Aim of the exercise =>
In the response, each entry below should appear again exactly as given.

==== Exercise inputs

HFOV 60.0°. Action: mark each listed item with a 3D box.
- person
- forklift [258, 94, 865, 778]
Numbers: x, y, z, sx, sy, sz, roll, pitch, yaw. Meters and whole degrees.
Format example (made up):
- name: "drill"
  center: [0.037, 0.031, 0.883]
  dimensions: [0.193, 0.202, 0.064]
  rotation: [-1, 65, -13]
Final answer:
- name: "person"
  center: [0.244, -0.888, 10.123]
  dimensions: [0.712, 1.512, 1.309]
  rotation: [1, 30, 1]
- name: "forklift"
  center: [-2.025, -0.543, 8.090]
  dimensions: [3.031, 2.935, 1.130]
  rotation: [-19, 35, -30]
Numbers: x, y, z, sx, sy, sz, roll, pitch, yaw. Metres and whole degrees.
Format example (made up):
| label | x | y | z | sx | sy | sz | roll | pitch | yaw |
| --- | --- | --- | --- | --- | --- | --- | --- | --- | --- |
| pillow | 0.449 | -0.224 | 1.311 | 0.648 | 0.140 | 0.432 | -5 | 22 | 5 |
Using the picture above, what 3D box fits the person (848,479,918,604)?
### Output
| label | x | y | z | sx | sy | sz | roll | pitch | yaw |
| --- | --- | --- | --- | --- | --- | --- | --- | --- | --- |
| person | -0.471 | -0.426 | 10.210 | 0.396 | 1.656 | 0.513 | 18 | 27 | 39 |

========

Response =>
HFOV 60.0°. Action: mark each listed item with a 3D box.
- person
- forklift [258, 94, 865, 778]
Numbers: x, y, z, sx, sy, sz, roll, pitch, yaw. Meters and whole degrees.
Format example (made up):
- name: "drill"
  center: [0.037, 0.031, 0.883]
  dimensions: [0.193, 0.202, 0.064]
  rotation: [-1, 65, -13]
Final answer:
- name: "person"
  center: [0.244, -0.888, 10.123]
  dimensions: [0.712, 1.512, 1.309]
  rotation: [1, 30, 1]
- name: "forklift"
  center: [-2.025, -0.543, 8.090]
  dimensions: [3.031, 2.935, 1.130]
  rotation: [-19, 35, -30]
Numbers: x, y, z, sx, sy, sz, roll, pitch, yaw. Metres and whole degrees.
Format example (made up):
| label | x | y | z | sx | sy | sz | roll | pitch | yaw |
| --- | --- | --- | --- | --- | --- | --- | --- | --- | --- |
| pillow | 0.449 | -0.224 | 1.311 | 0.648 | 0.140 | 0.432 | -5 | 22 | 5 |
Using the picture above, what 3D box fits the person (848,479,918,604)?
### Output
| label | x | y | z | sx | sy | sz | roll | pitch | yaw |
| --- | --- | --- | --- | --- | --- | --- | --- | --- | --- |
| person | -0.471 | -0.426 | 10.210 | 0.396 | 1.656 | 0.513 | 18 | 27 | 39 |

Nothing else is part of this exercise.